They erected the Rousseauean 'fear of death' as the motivating passion needed to drive "mothers previously doomed to die" toward acceptance of government-sponsored 'choices.' In a discussion concerning the developing nations, Lewis Preston, president of the World Bank, stated, "Each year some 500,000 women die of pregnancy-related causes...more than a quarter of all deaths among women of reproductive age in many developing countries are maternal deaths." In fact, statistical data collection in the developing nations is notoriously unreliable. Activities are therefore based on statistical 'best estimates and 'projections' which are subject to the bias of the presenter.

Preston's solutions included "Advocacy, research, and increasing the quality and accessibility of maternal health (integrated with) family planning services." "Effective family planning" (rather than reliable health care) is the first line of defense against maternal death." "Trained midwives, centers equipped for obstetric complications and transport to those centers" provided the secondary line of assistance for women.

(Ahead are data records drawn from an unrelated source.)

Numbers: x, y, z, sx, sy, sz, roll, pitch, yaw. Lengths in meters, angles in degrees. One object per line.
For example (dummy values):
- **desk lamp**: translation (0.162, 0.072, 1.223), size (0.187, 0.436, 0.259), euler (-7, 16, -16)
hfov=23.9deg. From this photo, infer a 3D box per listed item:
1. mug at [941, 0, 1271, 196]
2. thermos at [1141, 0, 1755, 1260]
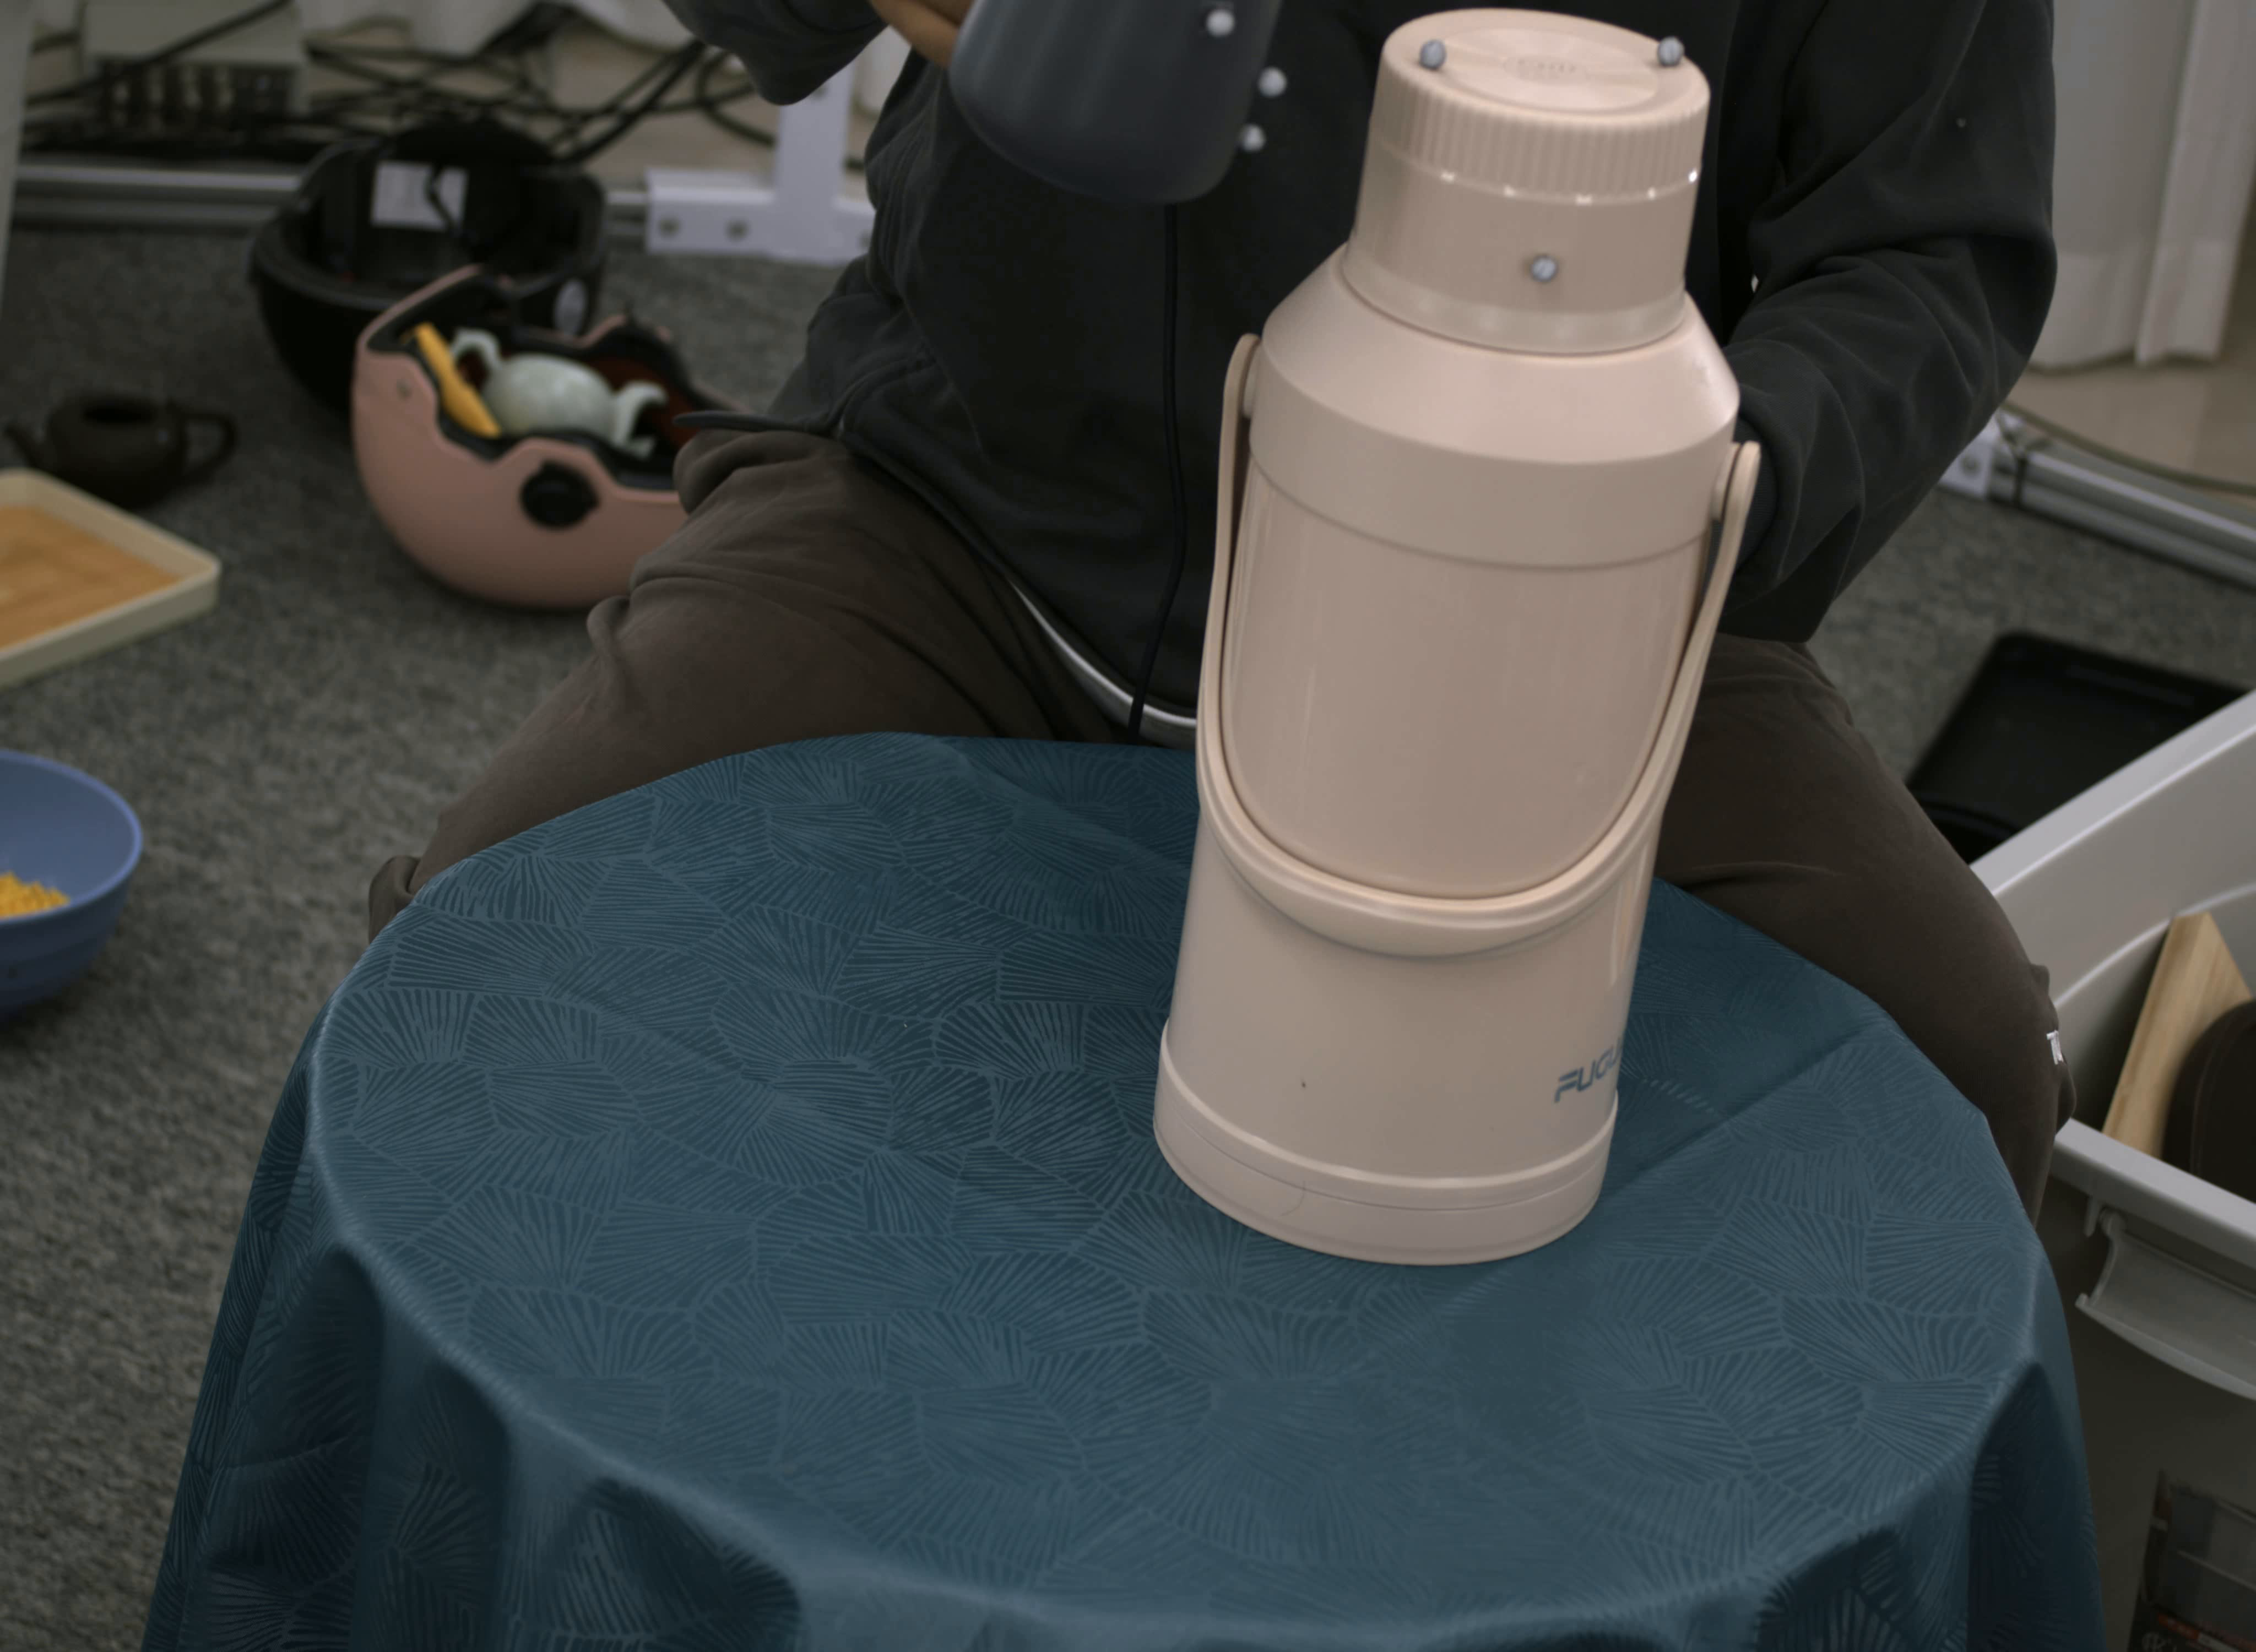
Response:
- **mug**: translation (-0.009, -0.259, 1.650), size (0.093, 0.090, 0.124), euler (6, 30, -33)
- **thermos**: translation (0.112, -0.071, 1.778), size (0.175, 0.405, 0.207), euler (13, 27, 11)

Third World women would bitterly dispute these feigned interests in women's health and well-being. Speaking at the recent World Women's Congress for a Healthy Planet in Miami, Dr. Mira Shiva, an internist with the People's Health Network and Health Action International, was notable for her objections to the use of population control technology in India. Dr. Shiva claimed that money is not being spent on comprehensive "health services." It is actually being spent for "family planning programs." While diseases are increasing, money spent on family planning programs "is eclipsing or removing what could have gone into basic health programs" (Tape recording, World Women's Congress for a Healthy Planet, 8-12 November 1992, Miami).

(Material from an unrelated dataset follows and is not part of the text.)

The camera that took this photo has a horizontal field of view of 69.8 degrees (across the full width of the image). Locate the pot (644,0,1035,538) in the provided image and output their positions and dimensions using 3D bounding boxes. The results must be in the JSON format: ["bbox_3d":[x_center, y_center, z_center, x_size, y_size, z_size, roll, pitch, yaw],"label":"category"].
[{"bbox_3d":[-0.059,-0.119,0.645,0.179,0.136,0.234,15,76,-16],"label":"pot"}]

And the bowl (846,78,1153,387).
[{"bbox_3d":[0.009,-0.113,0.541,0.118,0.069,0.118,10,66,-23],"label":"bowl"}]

She continued, "In areas where women have a high rate of illiteracy, more and more coercive methods, and more and more complicated technologies" are being used. Long acting injectibles, such as RU 486, which effect ' the pituitary, hypothalamus and create fertility and menstrual disorders for women are being brought in as 'do it yourself' in our part of the world."

"This is not for the liberation of women....It becomes evident that the women's health issues are not the important issues ...national population policies are going to be linked with financial aid....We are in a position where things are being dictated...one of them is population policy....Where women are concerned the only time they are taken into account is when their tubes are to be ligated."

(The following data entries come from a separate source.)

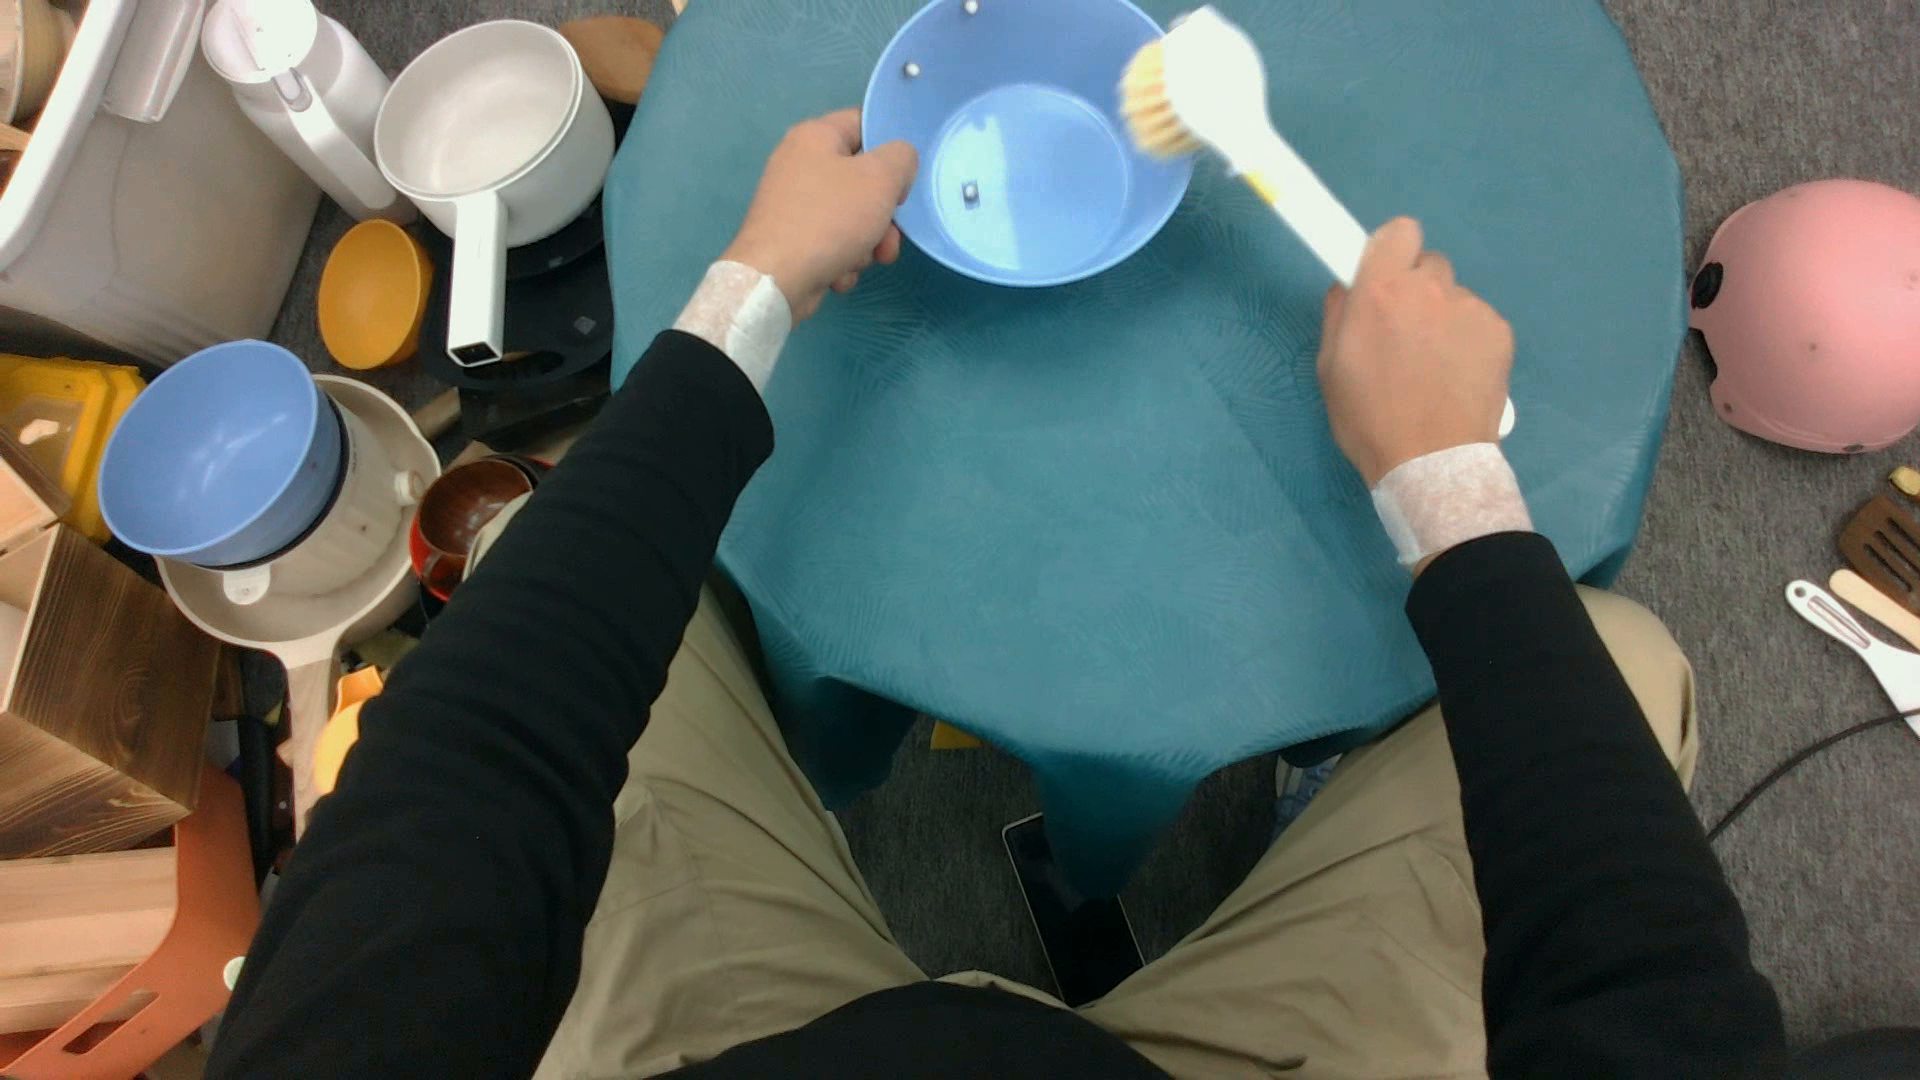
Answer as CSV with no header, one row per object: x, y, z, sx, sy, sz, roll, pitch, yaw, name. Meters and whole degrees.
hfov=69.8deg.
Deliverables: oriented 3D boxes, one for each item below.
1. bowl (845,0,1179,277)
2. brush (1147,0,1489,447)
0.028,-0.211,0.749,0.176,0.070,0.176,-1,74,3,bowl
0.181,-0.156,0.698,0.069,0.056,0.266,-38,101,-29,brush

Lewis Preston, as president of the World Bank, conformed to Dr. Shiva's predictions that national population policies would be linked with financial aid when he promised to integrate the full "Safe Motherhood" agenda into World Bank "policy dialogue" with developing countries.

"Policy dialogue," within the lexicon of the World Bank, consists of "informal contacts with the top leaders, project negotiations, monitoring...and institutional development" as requirements for developing countries negotiating World Bank loans (see "Population Research Institute Review," Vol. 1, No. 4, "World Bank Population Policy: Remote Control," 8).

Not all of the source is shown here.